2016-02-17 09:17:36 | All About おすすめ映画

『ナチュラル』(84)

野球は伝説に包まれたスポーツだ

 中年を過ぎてニューヨーク・ナイツに入団した“遅れてきたルーキー”ロイ・ハブス(ロバート・レッドフォード)。彼が手製のバット“ワンダーボーイ”で快打を連発します。一躍チームは優勝戦線に加わりますが、ハブスの過去にはある秘密が隠されていました。

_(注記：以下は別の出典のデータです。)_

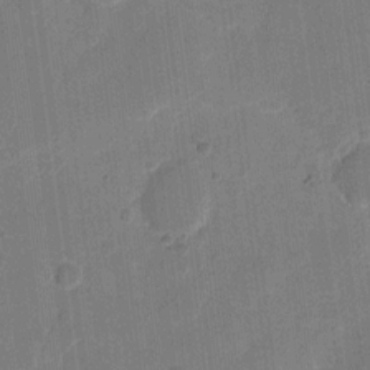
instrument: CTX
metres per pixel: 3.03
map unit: eHh
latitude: 11.2915
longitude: -66.7624
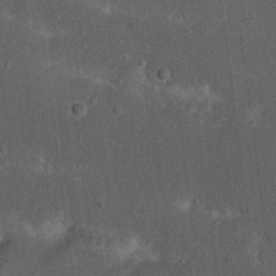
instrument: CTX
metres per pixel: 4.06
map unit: Nhu
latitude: 22.7624
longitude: -71.2915

 「ナチュラル」とは天性の才能のこと。ハブスのモデルは八百長事件に巻き込まれて球界を追われた実在の名選手“シューレス”・ジョー・ジャクソンです。彼は『フィールド・オブ・ドリームス』(89)にも登場しますが、「ナチュラル」というタイトルには、天賦の才を持ちながらキャリアの途中で選手生命を絶たれたジャクソンを惜しむ気持ちが込められています。

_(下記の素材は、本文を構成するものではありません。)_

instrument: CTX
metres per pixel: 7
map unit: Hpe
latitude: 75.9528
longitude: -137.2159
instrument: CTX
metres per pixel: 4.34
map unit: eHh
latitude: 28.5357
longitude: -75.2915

 バーナード・マラマッドの原作は、ハブスが破滅する悲劇で終わりますが、この映画の監督のバリー・レビンソンは「野球は伝説に包まれたスポーツだ」と考え、脚本のロジャー・タウンと共にハッピーエンドに変更しました。それ故この映画は、アメリカンドリームの達成を描く、壮大なほら話や伝説のヒーロー譚を復活させる先駆けとなりました。

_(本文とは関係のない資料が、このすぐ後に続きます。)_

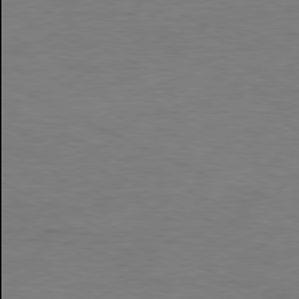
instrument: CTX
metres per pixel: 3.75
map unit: Ap
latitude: -80.4629
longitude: -81.9906

 ランディ・ニューマンのジャズエイジ風の音楽、クラシカルな雰囲気を醸し出したキャレブ・デ・シャネルの撮影で1920年代の雰囲気を再現。学生時代は野球選手だったというレッドフォードの打撃フォームの美しさ、ゲームシーンのリアルさも相まって、ベースボール・ムービーの最高傑作となりました。

 ファーストシーンとラストシーンで、田園風景の中で行われる父と子のキャッチボールがこの映画のテーマを象徴します。アメリカ人にとって野球は単なるスポーツではなく、父から子へと継承すべき大切なものなのです。

 余談ですが、長嶋一茂はこの映画を見て、プロ入りを決意したそうです。